“Don’t know,” was all the reply I made him.
“You’d be taken and sent to jail, where you ought to be, before you got half-way there,” he added, passing into the cabin as he said it. He came out soon with the pass in his hand, and calling me a “d-d nigger that deserved a hundred lashes,” threw it on the ground. I picked it up, and hurried away right speedily.
A slave caught off his master’s plantation without a pass, may be seized and whipped by any white man whom he meets. The one I now received was dated, and read as follows:
“Platt has permission to go to Ford’s plantation, on Bayou Boeuf, and return by Tuesday morning.
JOHN M. TIBEATS.”
This is the usual form. On the way, a great many demanded it, read it, and passed on. Those having the air and appearance of gentlemen, whose dress indicated the possession of wealth, frequently took no notice of me whatever; but a shabby fellow, an unmistakable loafer, never failed to hail me, and to scrutinize and examine me in the most thorough manner. Catching runaways is sometimes a money-making business. If, after advertising, no owner appears, they may be sold to the highest bidder; and certain fees are allowed the finder for his services, at all events, even if reclaimed. “A mean white,” therefore, —a name applied to the species loafer—considers it a god-send to meet an unknown negro without a pass.

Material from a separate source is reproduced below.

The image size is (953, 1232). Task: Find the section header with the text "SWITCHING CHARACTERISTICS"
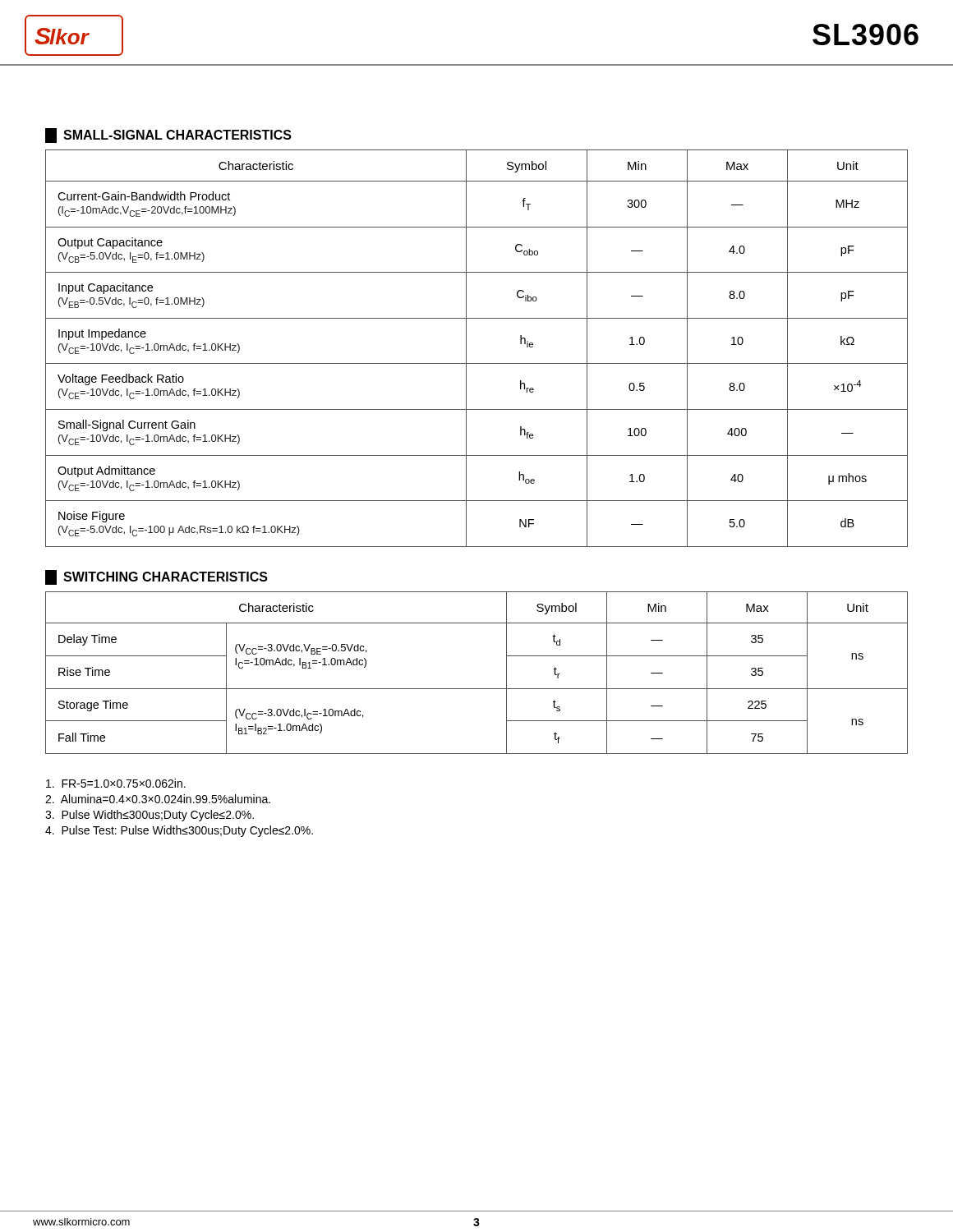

There are no inns along the highways in that portion of the State where I sojourned. I was wholly destitute of money, neither did I carry any provisions, on my journey from the Big Cane to Bayou Boeuf; nevertheless, with his pass in his hand, a slave need never suffer from hunger or from thirst. It is only necessary to present it to the master or overseer of a plantation, and state his wants, when he will be sent round to the kitchen and provided with food or shelter, as the case may require. The traveler stops at
any house and calls for a meal with as much freedom as if it was a public tavern. It is the general custom of the country. Whatever their faults may be, it is certain the inhabitants along Red River, and around the bayous in the interior of Louisiana are not wanting in hospitality.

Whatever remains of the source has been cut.